◆ Problem requirements
What is needed is an exact transcription of every entry below, with the pictures left out.

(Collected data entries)
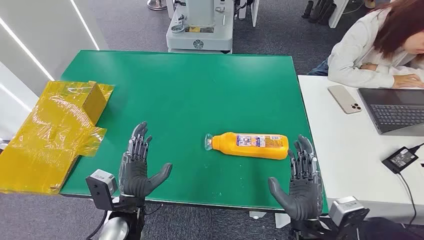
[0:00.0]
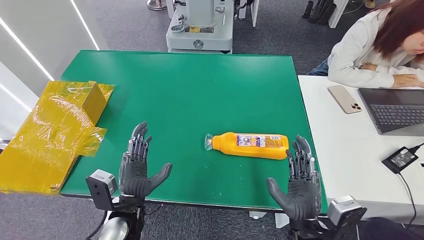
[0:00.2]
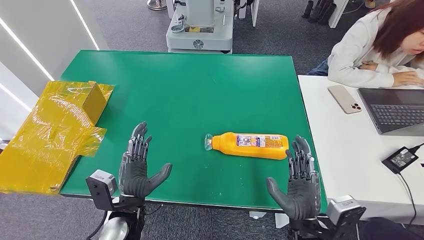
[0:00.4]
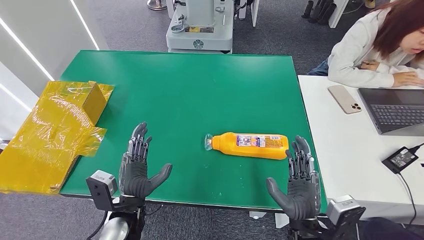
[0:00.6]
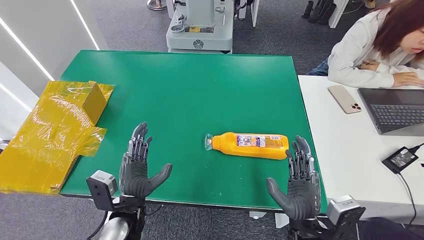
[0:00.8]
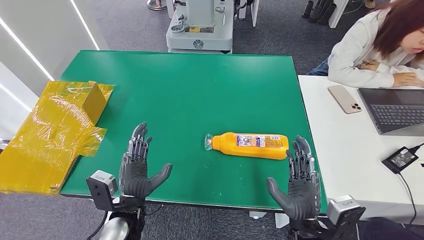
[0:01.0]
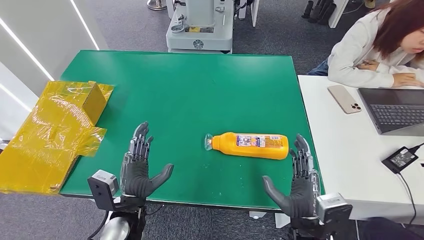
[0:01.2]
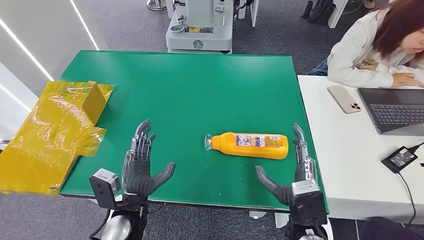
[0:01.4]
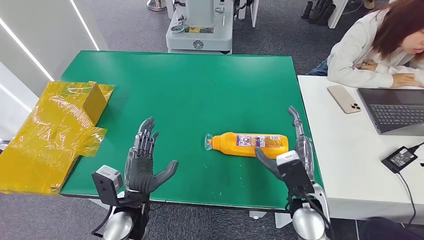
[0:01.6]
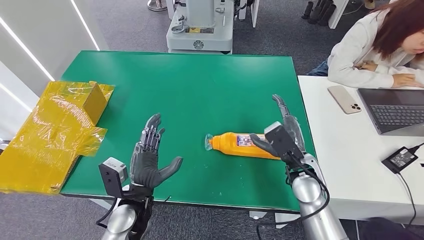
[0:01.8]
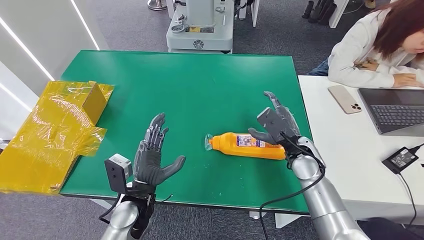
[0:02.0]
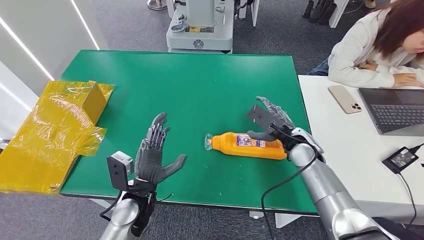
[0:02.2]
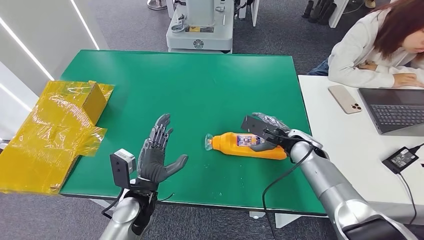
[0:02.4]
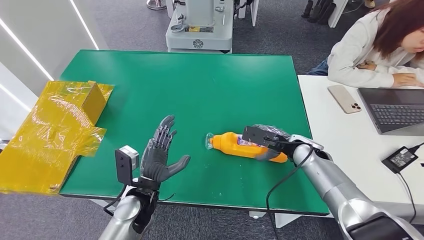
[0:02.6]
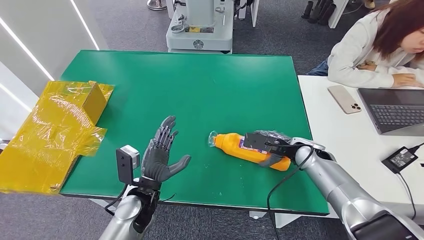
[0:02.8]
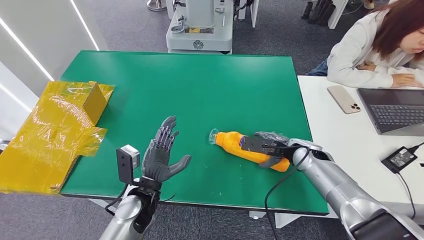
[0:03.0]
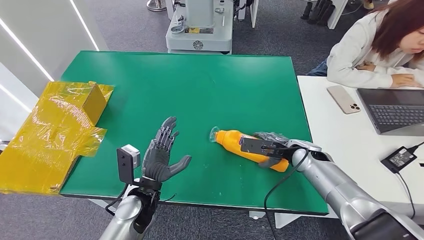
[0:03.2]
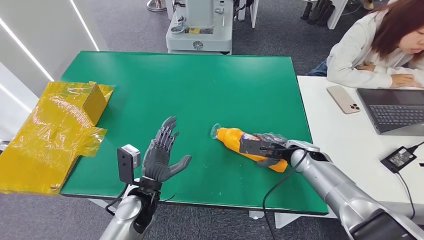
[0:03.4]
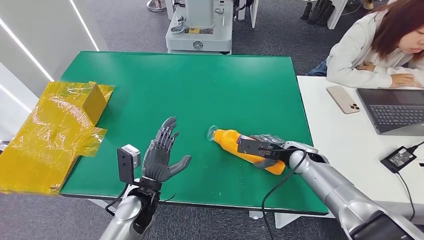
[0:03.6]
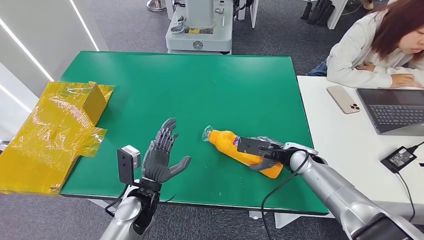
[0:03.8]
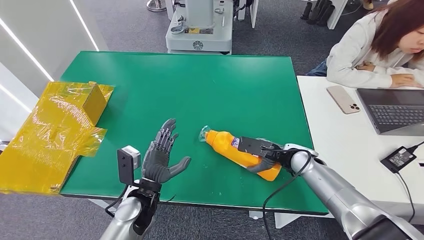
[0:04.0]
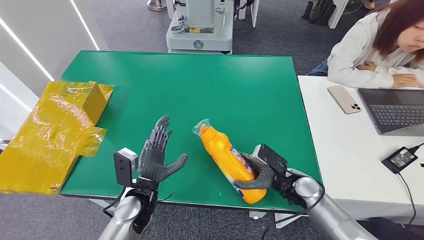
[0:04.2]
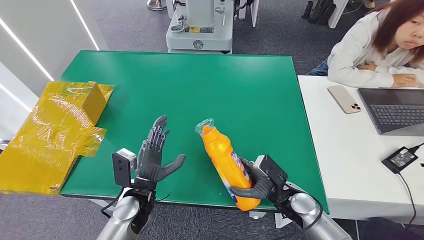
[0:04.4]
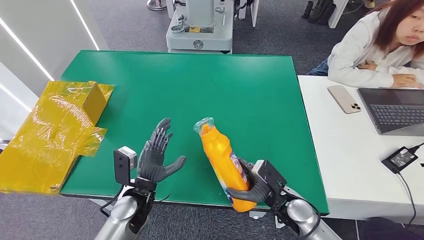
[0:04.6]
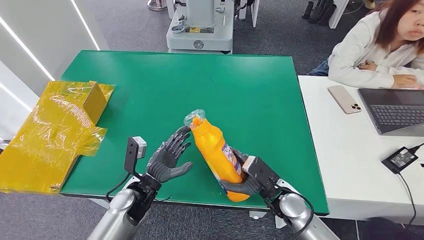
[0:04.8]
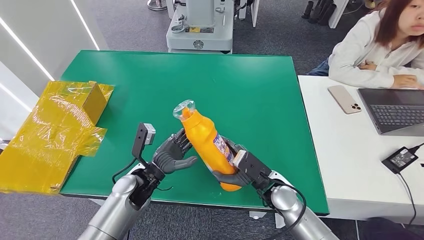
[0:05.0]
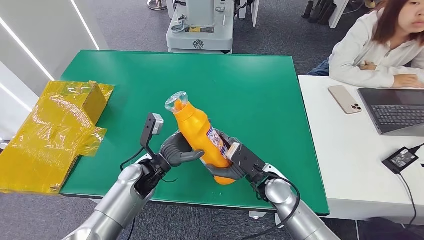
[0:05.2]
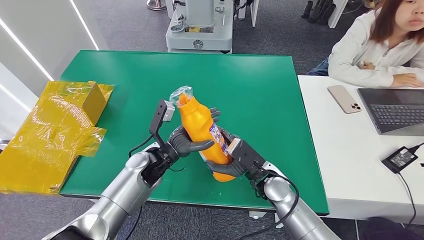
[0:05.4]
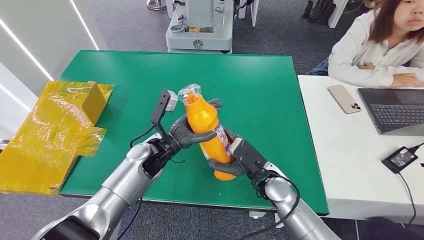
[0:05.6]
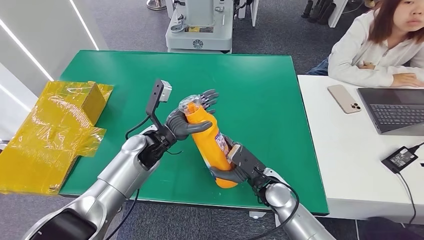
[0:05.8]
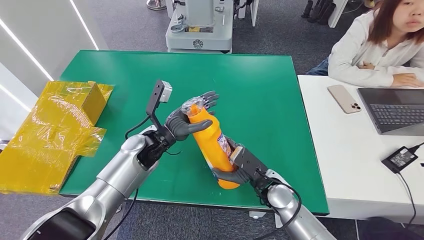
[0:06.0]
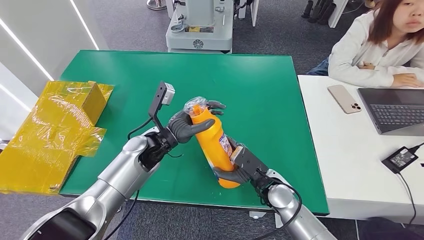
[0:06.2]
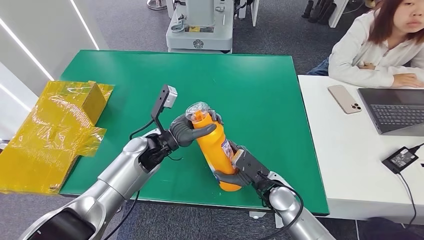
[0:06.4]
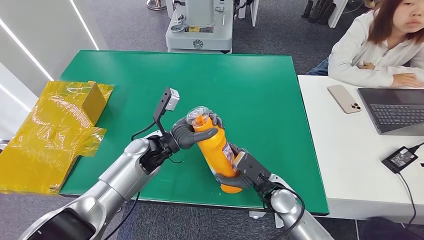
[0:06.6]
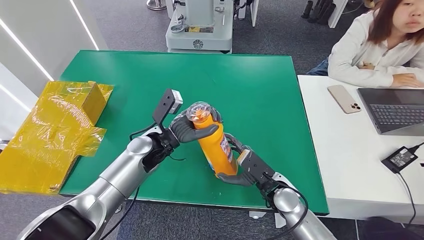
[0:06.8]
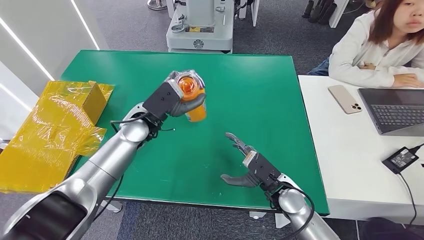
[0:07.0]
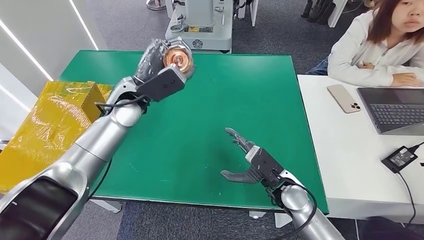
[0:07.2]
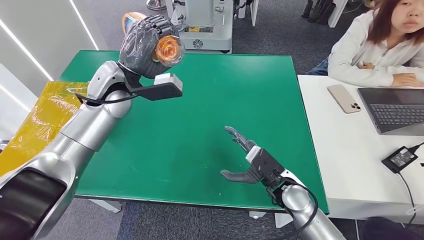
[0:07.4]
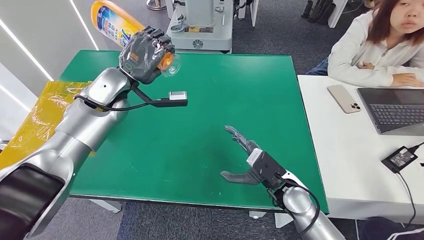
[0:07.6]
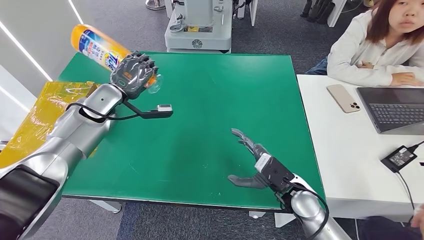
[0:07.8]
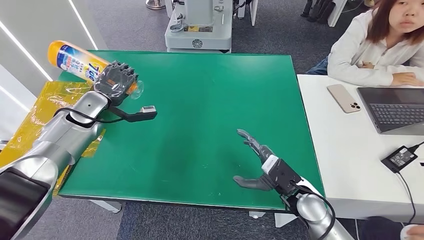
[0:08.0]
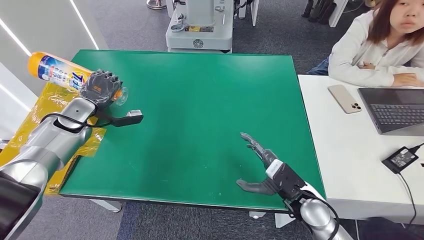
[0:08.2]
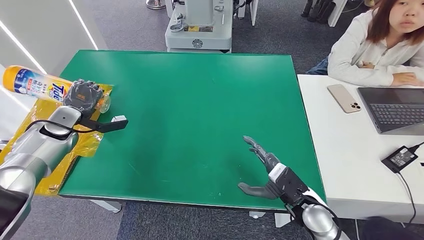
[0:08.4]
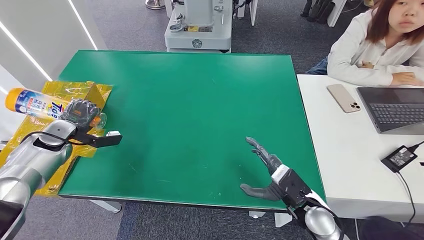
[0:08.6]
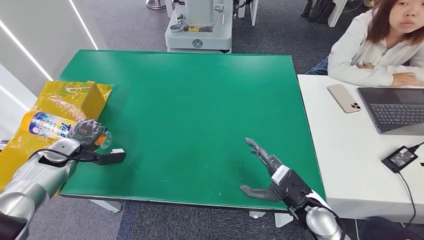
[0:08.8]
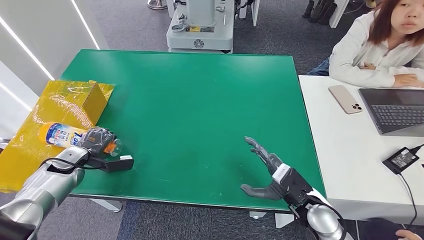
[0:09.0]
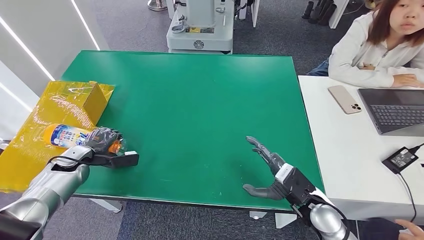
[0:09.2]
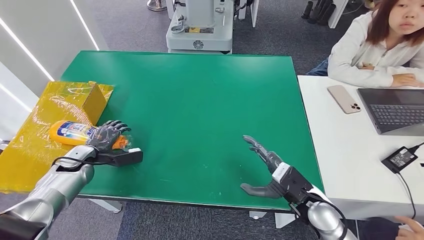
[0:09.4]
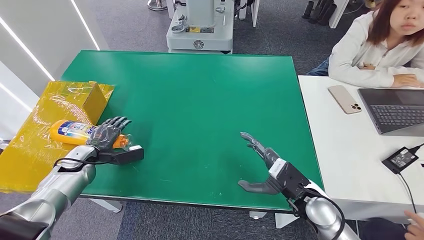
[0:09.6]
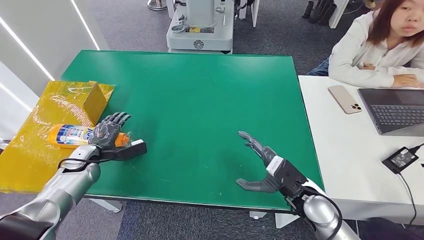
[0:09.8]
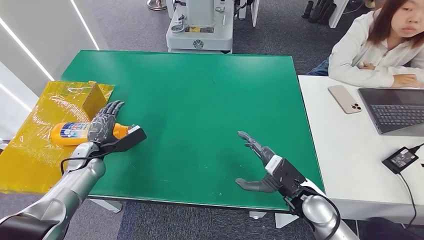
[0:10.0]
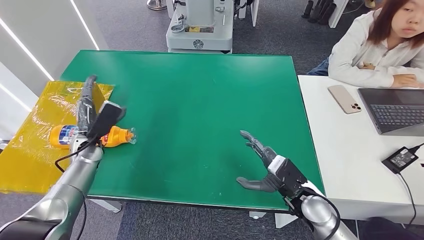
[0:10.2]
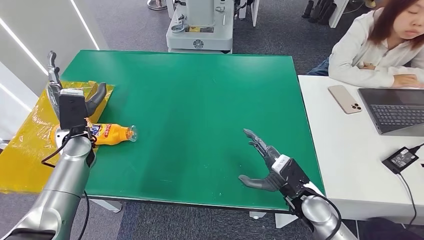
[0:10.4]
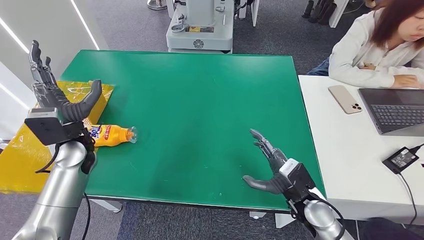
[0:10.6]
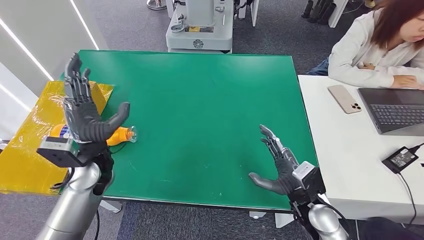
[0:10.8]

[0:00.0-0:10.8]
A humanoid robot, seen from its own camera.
Step, 0:00.0 to 0:04.6: Pick up the bottle from the table.
Step, 0:05.8 to 0:10.8: Turn the bottle to the front side.
0:01.6 to 0:03.0: The right hand heads forward and to the right, covering roughly 15 cm.
0:03.0 to 0:04.6: The right hand goes some 15 cm backward, downward and to the left.
0:04.6 to 0:06.2: The left hand goes about 15 cm forward and upward. The right hand moves to the left, about 5 cm.
0:09.2 to 0:10.8: The left hand is displaced to the right and upward by about 20 cm.

◆ Exercise output
[0:00.0]
[0:00.2]
[0:00.4]
[0:00.6]
[0:00.8]
[0:01.0]
[0:01.2]
[0:01.4]
[0:01.6]
[0:01.8]
[0:02.0]
[0:02.2]
[0:02.4]
[0:02.6]
[0:02.8]
[0:03.0]
[0:03.2]
[0:03.4]
[0:03.6]
[0:03.8]
[0:04.0]
[0:04.2]
[0:04.4]
[0:04.6]
[0:04.8]
[0:05.0]
[0:05.2]
[0:05.4]
[0:05.6]
[0:05.8]
[0:06.0]
[0:06.2]
[0:06.4]
[0:06.6]
[0:06.8]
[0:07.0]
[0:07.2]
[0:07.4]
[0:07.6]
[0:07.8]
[0:08.0]
[0:08.2]
[0:08.4]
[0:08.6]
[0:08.8]
[0:09.0]
[0:09.2]
[0:09.4]
[0:09.6]
[0:09.8]
[0:10.0]
[0:10.2]
[0:10.4]
[0:10.6]
[0:10.8]

[0:00.0-0:10.8]
A humanoid robot, seen from its own camera.
Step, 0:00.0 to 0:04.6: Pick up the bottle from the table.
Step, 0:05.8 to 0:10.8: Turn the bottle to the front side.
0:01.6 to 0:03.0: The right hand heads forward and to the right, covering roughly 15 cm.
0:03.0 to 0:04.6: The right hand goes some 15 cm backward, downward and to the left.
0:04.6 to 0:06.2: The left hand goes about 15 cm forward and upward. The right hand moves to the left, about 5 cm.
0:09.2 to 0:10.8: The left hand is displaced to the right and upward by about 20 cm.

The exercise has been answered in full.